■ Required work ■
Leave out the pictures and output the data verbatim.

■ Material provided ■
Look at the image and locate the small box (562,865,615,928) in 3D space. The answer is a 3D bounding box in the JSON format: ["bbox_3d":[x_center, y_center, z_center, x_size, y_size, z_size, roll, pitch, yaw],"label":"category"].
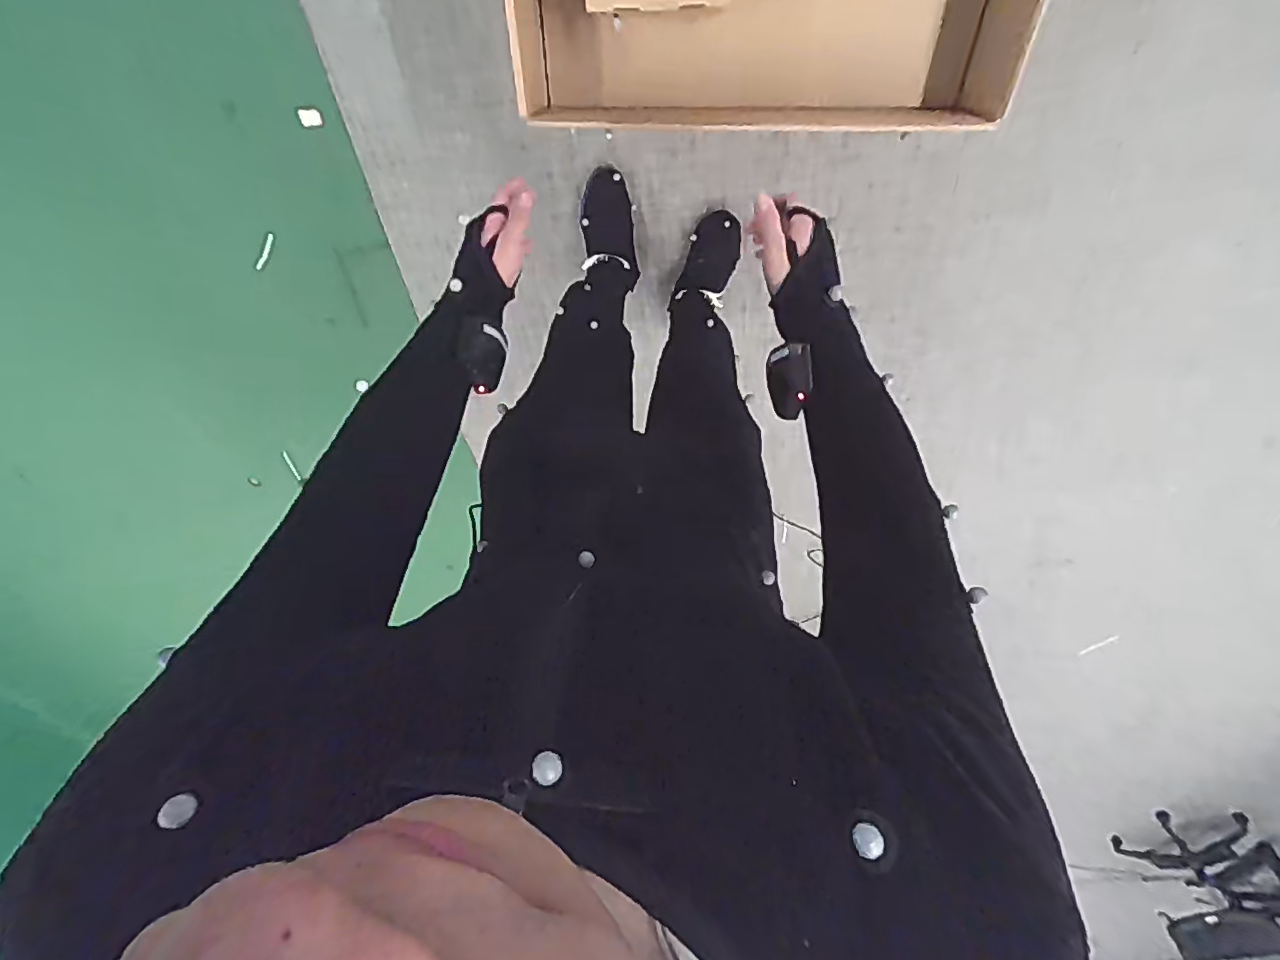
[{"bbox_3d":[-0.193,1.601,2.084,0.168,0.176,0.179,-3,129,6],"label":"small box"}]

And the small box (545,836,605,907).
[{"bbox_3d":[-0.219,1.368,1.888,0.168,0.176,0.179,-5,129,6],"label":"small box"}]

■ Reply ■
Look at the image and locate the small box (562,865,615,928) in 3D space. The answer is a 3D bounding box in the JSON format: ["bbox_3d":[x_center, y_center, z_center, x_size, y_size, z_size, roll, pitch, yaw],"label":"category"].
[{"bbox_3d":[-0.193,1.601,2.084,0.168,0.176,0.179,-3,129,6],"label":"small box"}]

And the small box (545,836,605,907).
[{"bbox_3d":[-0.219,1.368,1.888,0.168,0.176,0.179,-5,129,6],"label":"small box"}]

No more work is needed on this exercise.